Reviewed by: AI editorial process; not yet individually human-reviewed

Jump to a section
  1. Globalisation and international trade
  2. Protectionism and trading blocs
  3. Multinationals and FDI
  4. Global marketing
  5. Assessing a country
  6. How to study this theme

Global business is the theme that takes the whole subject international: how globalisation has connected economies, how trade barriers and blocs shape it, why firms become multinationals and how they enter foreign markets, how they market across cultures, and how they judge which countries to enter. It is the focus of Component 3, the global business environment, though the same seven themes underlie it. This overview maps the theme; each section links to a full dot-point answer.

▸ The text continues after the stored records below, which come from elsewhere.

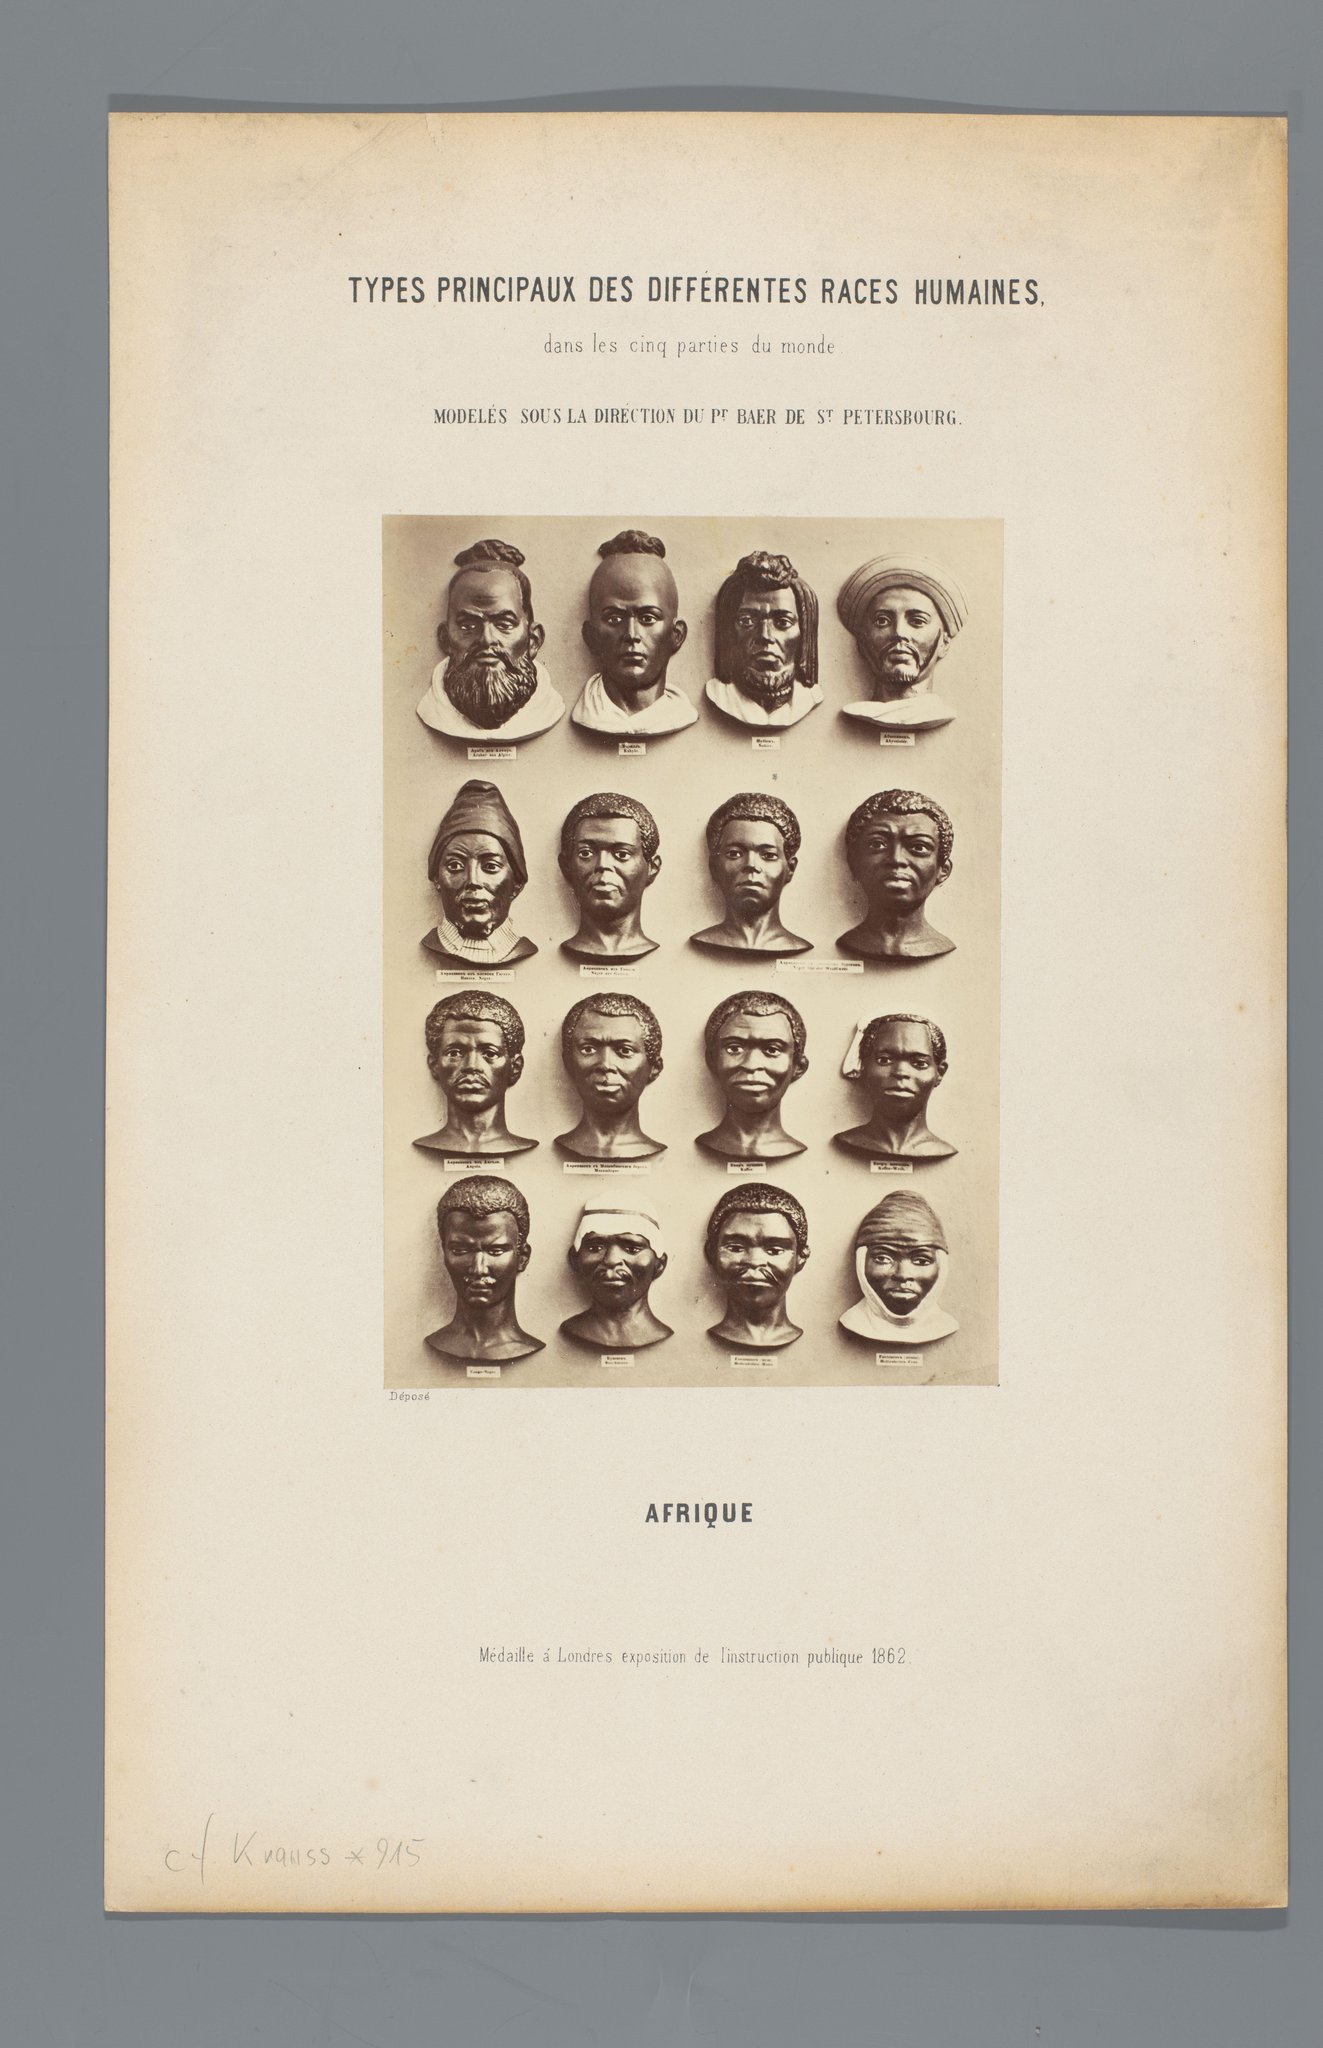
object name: photograph
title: Zestien beeldjes van hoofden van bewoners van Afrika
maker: Anonymous
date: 1857-1862
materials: paper, photographic support
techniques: albumen print
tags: africans, piece of sculpture, reproduction of a piece of sculpture
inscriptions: inscription: ‘TYPES PRINCIPAUX DES DIFFÉRENTES RACES HUMAINES./ dans les cinq parties du monde/ MODELÉS SOUS LA DIRÉCTION DU Pr BAER DE St PETERSBOURG.’, annotation: ‘cf. Kra[.]ss *915’, inscription: ‘Déposé’, inscription: ‘Médaille á Londres exposition de l'instruction publique 1862.’
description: Deze foto maakt deel uit van een omslag met vijf foto's.

Globalisation and international trade

Globalisation is the growing integration of economies, driven by trade liberalisation, technology and transport. Firms trade and expand abroad for markets, scale and resources, and exchange rates shape the costs and revenues of doing so.

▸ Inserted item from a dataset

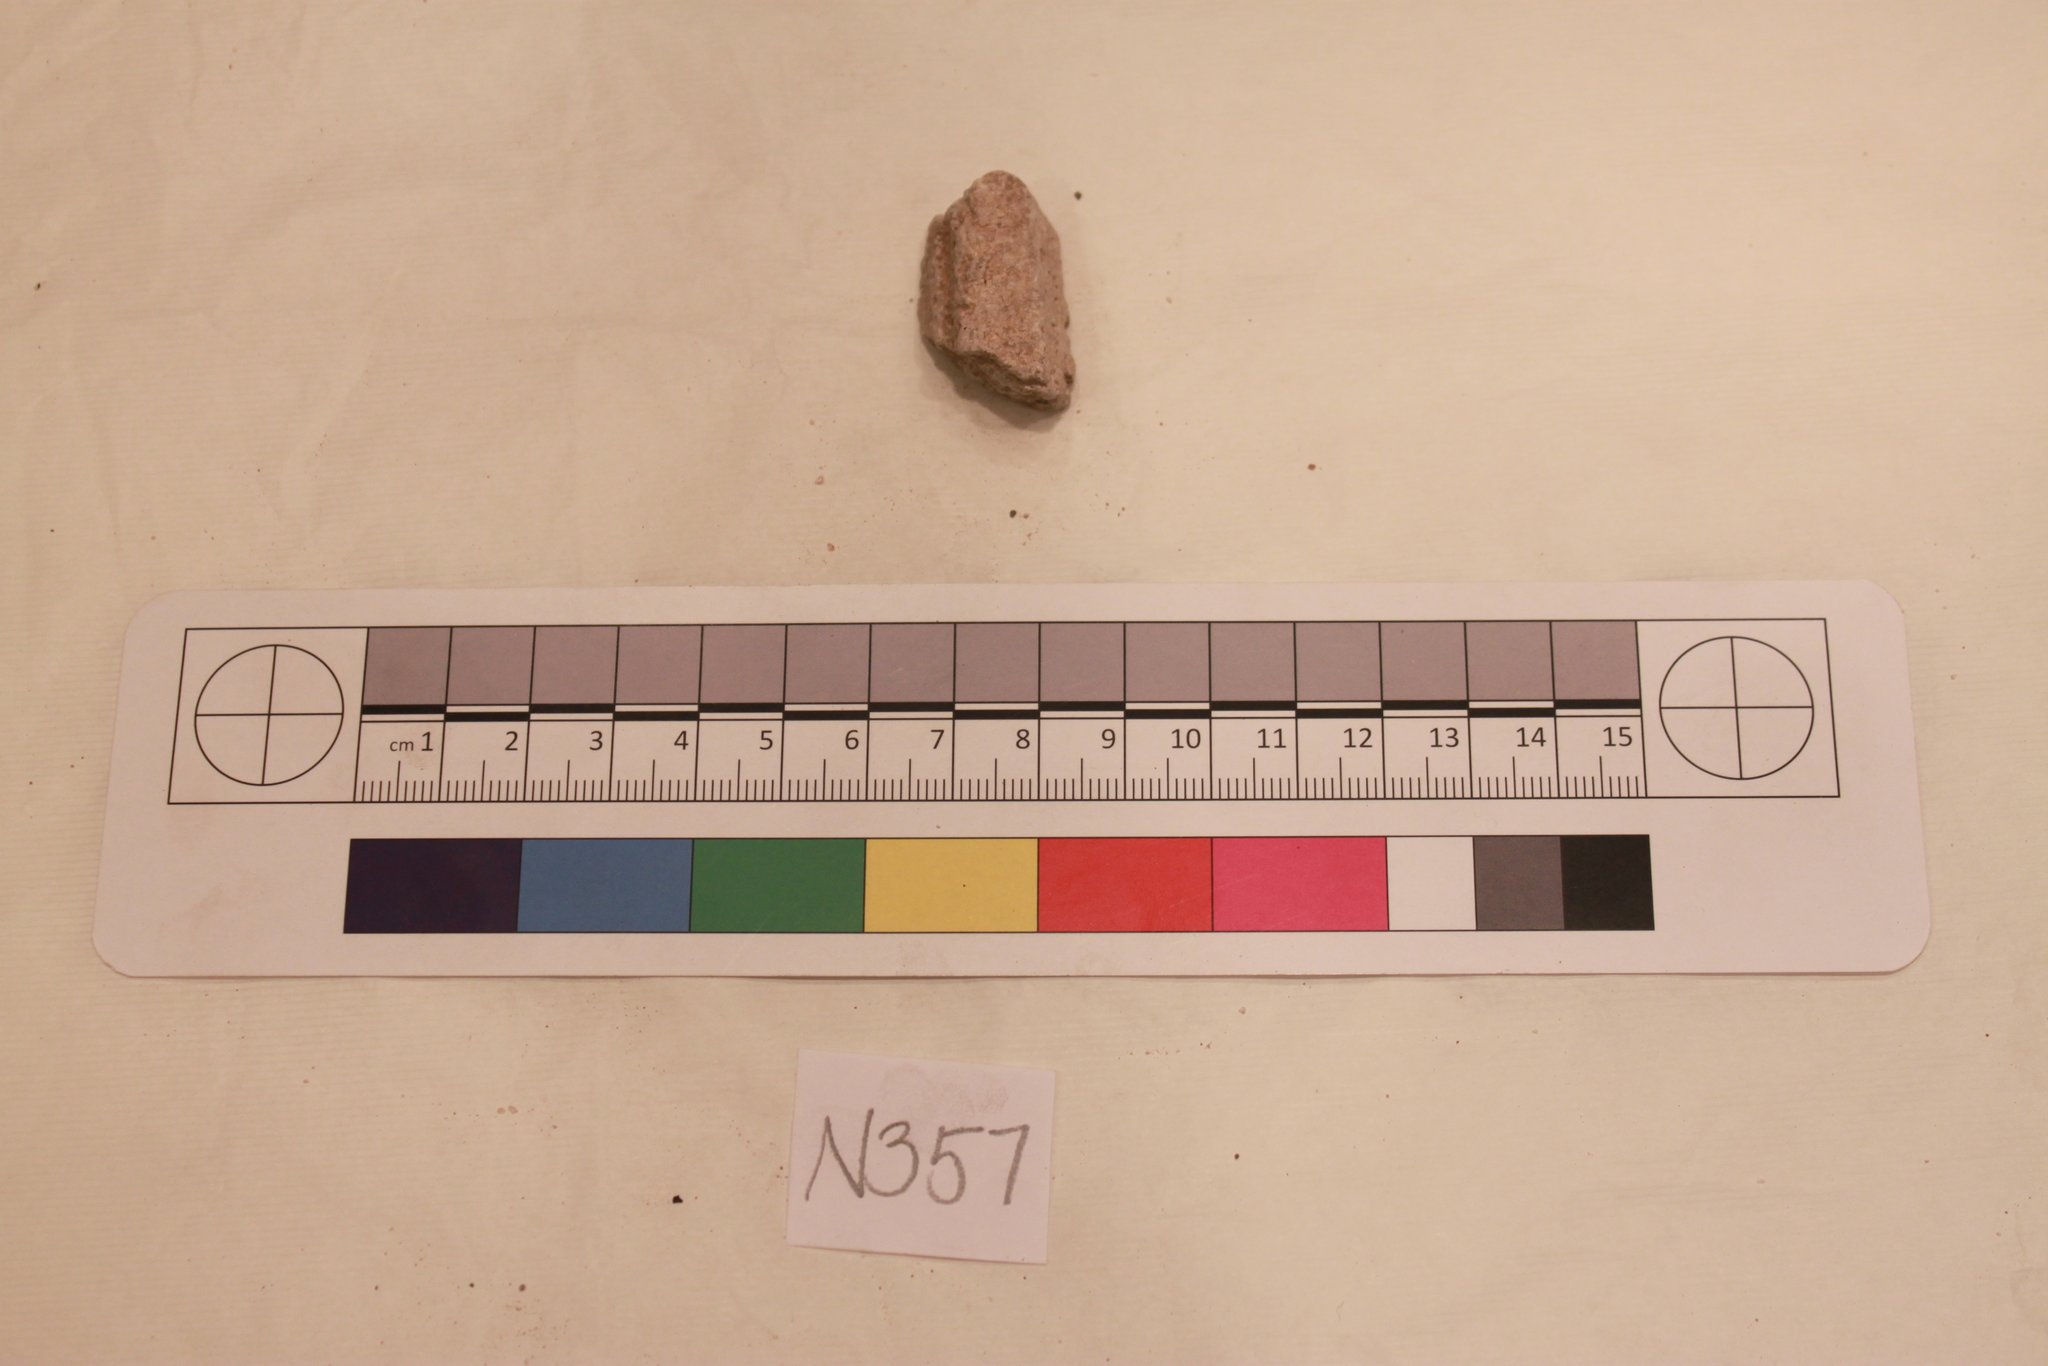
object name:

Protectionism and trading blocs

Protectionism (tariffs, quotas, subsidies) shields domestic firms but raises prices and risks retaliation. Trading blocs remove barriers between members, opening large markets but bringing tougher internal competition.

Multinationals and FDI

Foreign direct investment turns firms into multinationals, entering markets through exporting, offshoring, outsourcing, joint ventures or acquisitions, with significant and contested impacts on host and home countries.

Global marketing

Marketing abroad turns on standardisation versus adaptation, usually resolved by glocalisation, and on respecting cultural and social factors.

Assessing a country

Firms judge a country as a market (size, income, competition, fit) or a production location (cost, infrastructure, skills, stability, risk), and the analysis drives whether and how to expand.

How to study this theme

  1. Drill the calculations. Exchange-rate conversions and tariff effects must be automatic, with interpretation.
  2. Weigh both sides. Globalisation, protectionism and multinationals all have benefits and drawbacks; judge in context.
  3. Link to the other themes. Global marketing, operations and finance recur here in an international setting.
  4. Revise from the official specification. Use the current OCR H431 document.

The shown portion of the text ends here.